Statistical Analysis Plan
2.7
Appropriate descriptive statistics were used to quantify features of object interactions and parental joint engagement (RQs 1 and 2). Features of object play were: frequency of object bouts per minute, proportion of time spent with objects, median duration of object bouts, proportion of bouts with one object, and total number of unique objects that the child touched. Features of parental joint engagement were: the frequency of object bouts in which parents exhibited manual engagement, object‐related language, and multimodal engagement per minute and the proportion of object bouts in which parents practised these three types of engagement, respectively.
For RQ3 and RQ4, Pearson's correlation coefficients were first computed to quantify bivariate associations between cognitive composite scores and (a) variables from 12‐month infant‐object interactions and (b) variables from parental joint engagement during 12‐month infant‐object interaction bouts. Specifically, coefficients were calculated for 12‐month‐old variables that had substantial variability within their respective distributions and for variables that were unique (i.e., not correlated with other measures). Specifically, we focused on frequency of object play bouts per minute, proportion of time with objects, and proportion of bouts with one object at a time as object play variables. Variables proportion of object interaction bouts in which parents practised manual engagement, object‐related language, and multimodal engagement, as well as proportion of object bouts that were parent‐initiated were used for joint engagement variables. Then, multiple linear regression analyses were performed to quantify associations between these variables and cognitive composite scores at 30 months after adjusting for infant sex, family socioeconomic status, and cognitive composite scores at 12 months. All analyses were performed using SPSS, Version 27.0, and the significance level was set at 5%.

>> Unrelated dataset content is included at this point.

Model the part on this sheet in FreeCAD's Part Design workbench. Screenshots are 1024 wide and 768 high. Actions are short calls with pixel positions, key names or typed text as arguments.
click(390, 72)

Exploratory analyses were also conducted to examine associations of cognitive development, object play, and joint engagement simultaneously. That is, object play and joint engagement were included as predictors in the same model. Although important and parsimonious, this type of model addressed different questions and was secondary to models designed to directly test our primary hypotheses: keeping all things equal on parental joint engagement, what is the contribution of infant object play? Likewise, what is the unique contribution of parental joint engagement after adjusting for infant object play?
Results
3
Object Interactions
3.1
Among 20 preterm infant‐parent dyads, recordings lasted 5.23–7.49 min. Infants spent most of their observation time (Mdn = 85.6%, IQR = 30.5%, range = 16.3%–97.3%) interacting with objects (Table 1). On average, they engaged in 4.15 object interaction bouts per minute (M = 4.15 bouts, SD = 1.69 bouts, range = 1.70–7.48 bouts). The duration of preterm infants' interaction bouts was brief (Mdn = 5.67 s, IQR = 6.12 s, range = 2.14–21.93 s) (Figure 2). Additionally, the average percentage of object interaction bouts in which infants interacted with 1 object was 75.3% (SD = 13%, range = 53%–95%).

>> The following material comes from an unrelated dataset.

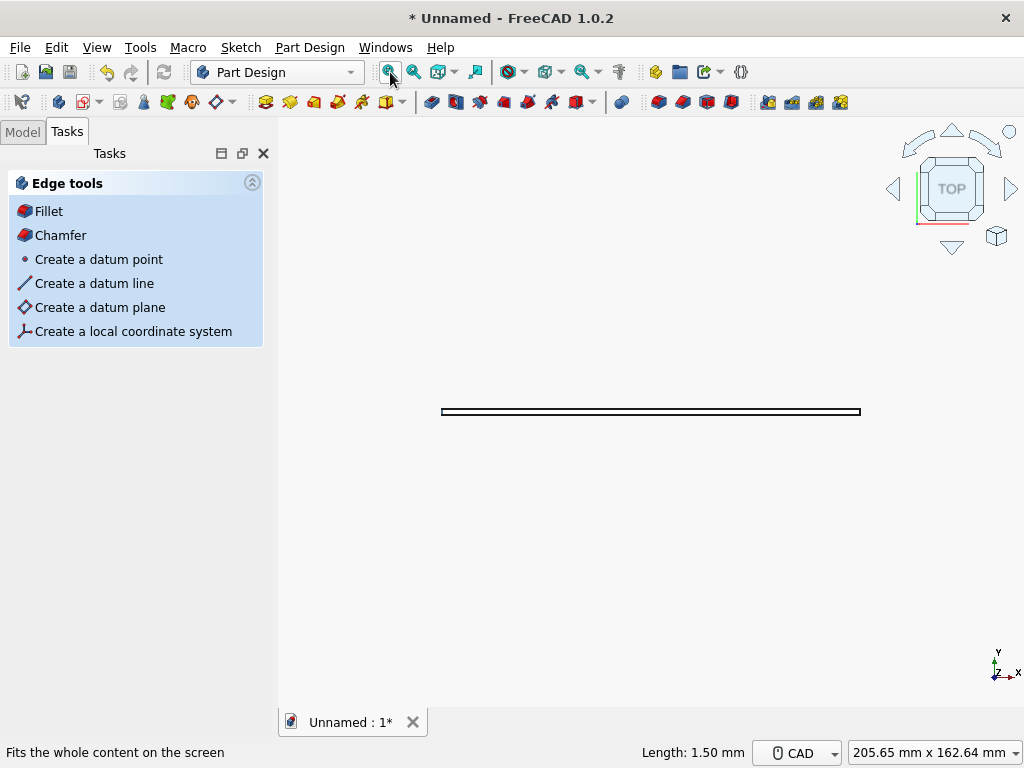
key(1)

Frequency of the duration of infant‐object interaction bouts (in seconds).
Parental Joint Engagement During Object Interaction Bouts
3.2
Parents frequently engaged with the same object(s) as their preterm infants, whether through manual engagement (Mdn = 35%, IQR = 24%, range = 17%–88%), object‐related language (Mdn = 56%, IQR = 30%, range = 15%–92%), or a combination of the two (Mdn = 29%, IQR = 15%, range = 6%–80%) (Table 2). Moreover, parents initiated joint manual engagement more frequently than their infants. On average, 68% of object interaction bouts (M = 68%, SD = 20%, range = 40%–100%) with joint manual engagement were parent‐initiated, while the remaining 32% were infant‐led. The parent was more likely to initiate joint engagement by touching objects first than to follow in on the infant‐initiated object bouts.

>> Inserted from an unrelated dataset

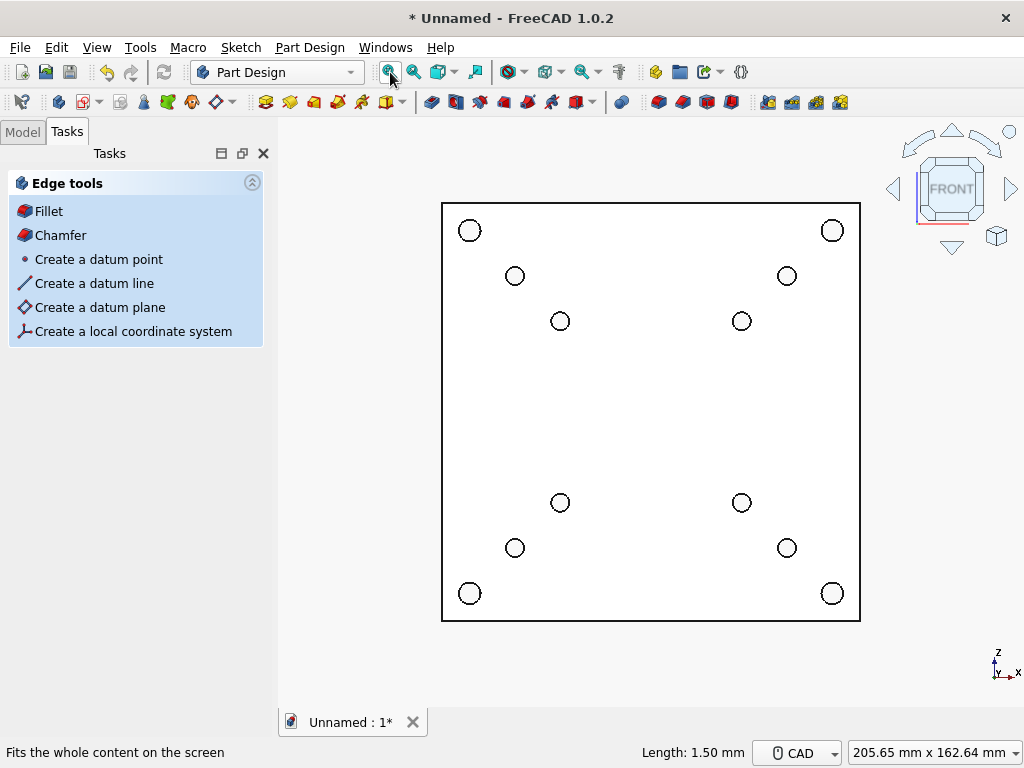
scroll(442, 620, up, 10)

Associations Between Object Interactions at 12 Months and Cognitive Composite Scores at 30 Months Corrected Age
3.3
Three Pearson's correlation analyses examined associations between infant‐object interactions at 12 months and cognitive composite scores at 30 months. The first indicated a moderate negative, but non‐significant association (r = −0.42; 95% CI [−0.73, 0.03]; p = 0.065) between the frequency of object interaction bouts per minute and the cognitive composite scores at 30 months (Figure 3a). Secondly, there was a weak non‐significant association (r = −0.18; 95% CI [−0.58, 0.28]; p = 0.445) (see Figure 3b) between the percentage of time infants spent interacting with objects at 12 months and their cognitive composite scores at 30 months. Finally, we found a moderate positive non‐significant association (r = 0.35; 95% CI [−0.12, 0.68]; p = 0.136) (see Figure 3c) between the percentage of object interaction bouts involving one object and the 30‐month cognitive composite scores.
Associations between cognitive composite scores at 30 months and (a) the number of object interaction bouts per minute at 12 months, (b) the percentage of time infants spent interacting with objects, and (c) the percentage of object bouts with one object at 12 months.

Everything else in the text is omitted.